なんだか凄く贅沢してしまった、休みの日です。でもやはりポンテヴェッキオは素晴らしいレストランです。個人的には日本一だと思っています。来月ミシュラン大阪京都がでますが、今のうちに訪問しておいて良かったかも、、
2009年09月28日
_ [wine] Vosne Romanee Beaumonts 1959 (Charles Noellat)
同じヴィンテージの他の2、3本のワインと一緒に買いましたが、このボトルだけは状態を問わない事として買ったワイン。届いたボトルは、かなり液面が下がっていて、そのコメントがつくのが解る感じ。普通だと売りづらいだろうなぁ、でも経験上、ここら辺りのこんなワインは、この程度液面が下がろうが、まぁ結構平気なんですねぇ。
右の画像が開栓前のこのワインの液面です、1、2杯のんだ後ではありません。このワインはこの4月に買ったのですが、やはり早めに飲むべきかと思いまして、夏が過ぎるのを待って、やっと本日開けてみました、、、、っと言ってもその開栓が問題だったのです。
このワイン、実は口が蝋封のワインでした。
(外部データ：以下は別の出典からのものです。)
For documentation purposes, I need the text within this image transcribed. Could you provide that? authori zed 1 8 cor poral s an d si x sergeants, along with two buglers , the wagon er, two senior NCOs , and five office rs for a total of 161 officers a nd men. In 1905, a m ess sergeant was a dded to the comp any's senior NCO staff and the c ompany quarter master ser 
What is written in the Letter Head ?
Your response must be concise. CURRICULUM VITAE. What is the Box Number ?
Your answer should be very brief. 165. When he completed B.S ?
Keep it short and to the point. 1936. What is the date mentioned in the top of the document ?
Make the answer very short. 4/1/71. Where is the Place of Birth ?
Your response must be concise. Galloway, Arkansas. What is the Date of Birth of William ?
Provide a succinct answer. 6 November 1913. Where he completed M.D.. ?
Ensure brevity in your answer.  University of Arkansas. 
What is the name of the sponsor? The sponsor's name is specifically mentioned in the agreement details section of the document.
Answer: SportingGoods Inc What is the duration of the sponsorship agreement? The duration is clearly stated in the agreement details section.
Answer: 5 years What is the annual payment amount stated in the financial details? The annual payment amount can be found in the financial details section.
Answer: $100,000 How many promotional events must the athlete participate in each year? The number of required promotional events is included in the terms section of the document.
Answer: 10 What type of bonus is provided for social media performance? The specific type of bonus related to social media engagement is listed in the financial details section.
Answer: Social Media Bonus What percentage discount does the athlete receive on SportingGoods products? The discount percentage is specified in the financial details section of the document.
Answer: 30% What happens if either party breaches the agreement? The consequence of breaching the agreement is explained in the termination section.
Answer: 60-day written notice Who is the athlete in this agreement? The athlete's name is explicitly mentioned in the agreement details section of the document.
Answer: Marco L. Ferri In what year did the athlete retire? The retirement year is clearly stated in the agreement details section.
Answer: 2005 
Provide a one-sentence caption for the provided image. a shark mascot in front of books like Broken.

で、いつもの通り蝋封のワインを開ける為にカバーして、口の蝋を割っていたら、、、あらら、コルクがいきなり吸い込まれて落ちてしまいました。以前にも書きましたが、古いワインは内部が陰圧になっている事が普通で(なってなければコルクが弱っている)、コルクを開ける時には開封のショックでコルクが吸い込まれる事を注意しなければいけないのですが、蝋封だったので油断してしまいました。
普通だったら、私なんかは、コルクが落ちてしまった位ではそう気にしませんが、今回は、あろうことか、砕いた蝋とその上の何だか解らないけど乗っかっていた黒いゴミの粉を一緒にワインの中に引き連れて仕舞いました。ボトル内のワインの液面は、蝋屑みたいなので一杯です、どうしましょう??。
一応デカンタしてみましたが、どうやっても液面上に盛大にゴミ屑が浮かんでいます。まずエイヤと蝋粉とかのゴミを無視してテイスティングしてみましたが、うんうん、ワインは実に素晴らしい!、でも液面上のゴミはどうしようもありません。
そのまま飲むのはさすがに私でも気持ち悪いので、最後の手段です、珈琲用のペーパーフィルターで漉す事にしました。割と誰でも思いつくやり方ですが、「ペーパーフィルターで漉すと、なんか紙のテイストが付くんだよね」と言う、先人諸氏の意見を聞いた事がある私としては、未だにやった事が無い手法なのですが、今回は仕方ないですね。
使用したペーパーフィルターは無漂白のもので、そのおかげか、心配していた様な紙臭い所はあまり有りません。でもフィルターで漉すのでやはり空気に触れすぎで、最初に無理して飲んだ時に比べて、幾らか時間が経ったワインのように感じられます。
そう言う訳で出来るだけ急いで飲んだのですが、しかし細部は幾らかぼやけるものの、結局このワインはその位では簡単にはへたらない芯の強さと果実実を持っていますね、これは凄い!。ほぼ50年経って、コルクもこんなになっている状態でも、ワイン自体のテイストには「傷んだ」という所が全くないです。
ホントにまぁ、昔は何でこんな凝縮したワインが出来たのだろうかと、今更ながらに考え込んでしまいます。一杯ごと一口ごとに、驚きまた不思議に思うばかりです。この様な作りの古いワインは、最も深遠なミステリー小説の様な物です。